Provided data:
——
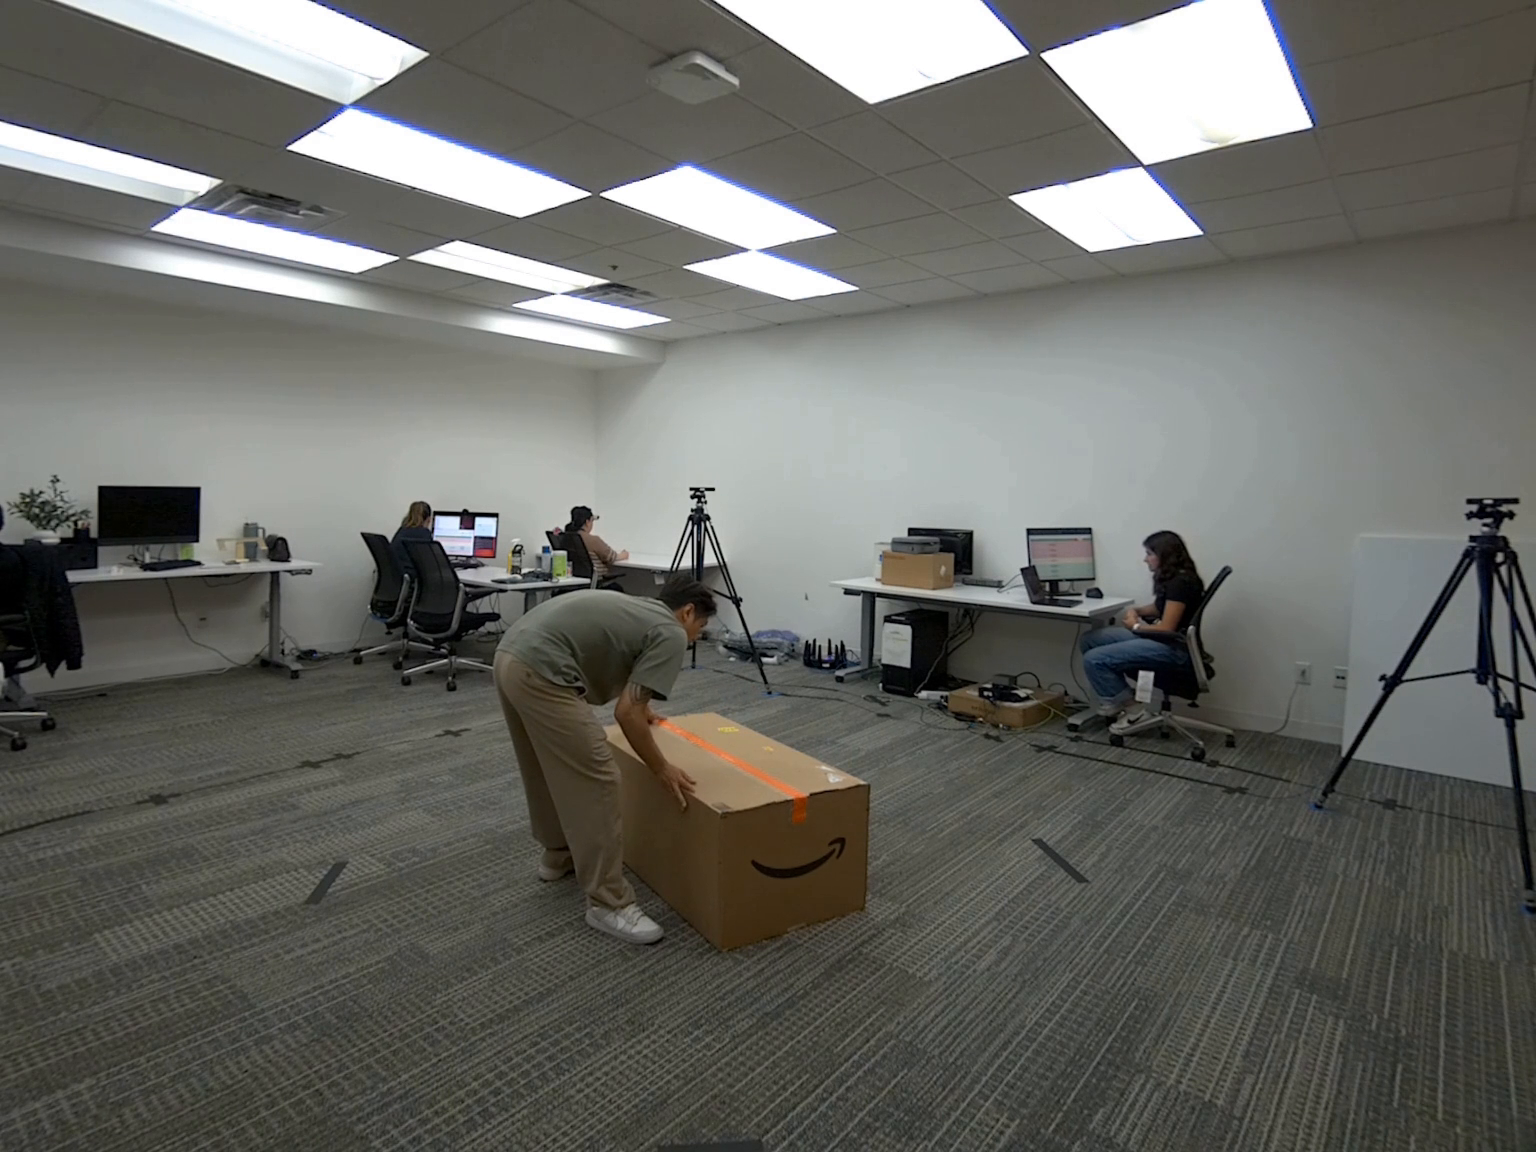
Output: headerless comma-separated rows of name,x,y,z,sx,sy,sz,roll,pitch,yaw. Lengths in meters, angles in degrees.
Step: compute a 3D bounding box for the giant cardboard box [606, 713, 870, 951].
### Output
——
Activity: Would you write out the material above in full, exactly as given, except for its pictures?

Reply:
Output: headerless comma-separated rows of name,x,y,z,sx,sy,sz,roll,pitch,yaw. Lengths in meters, angles in degrees.
Step: compute a 3D bounding box for the giant cardboard box [606, 713, 870, 951].
### Output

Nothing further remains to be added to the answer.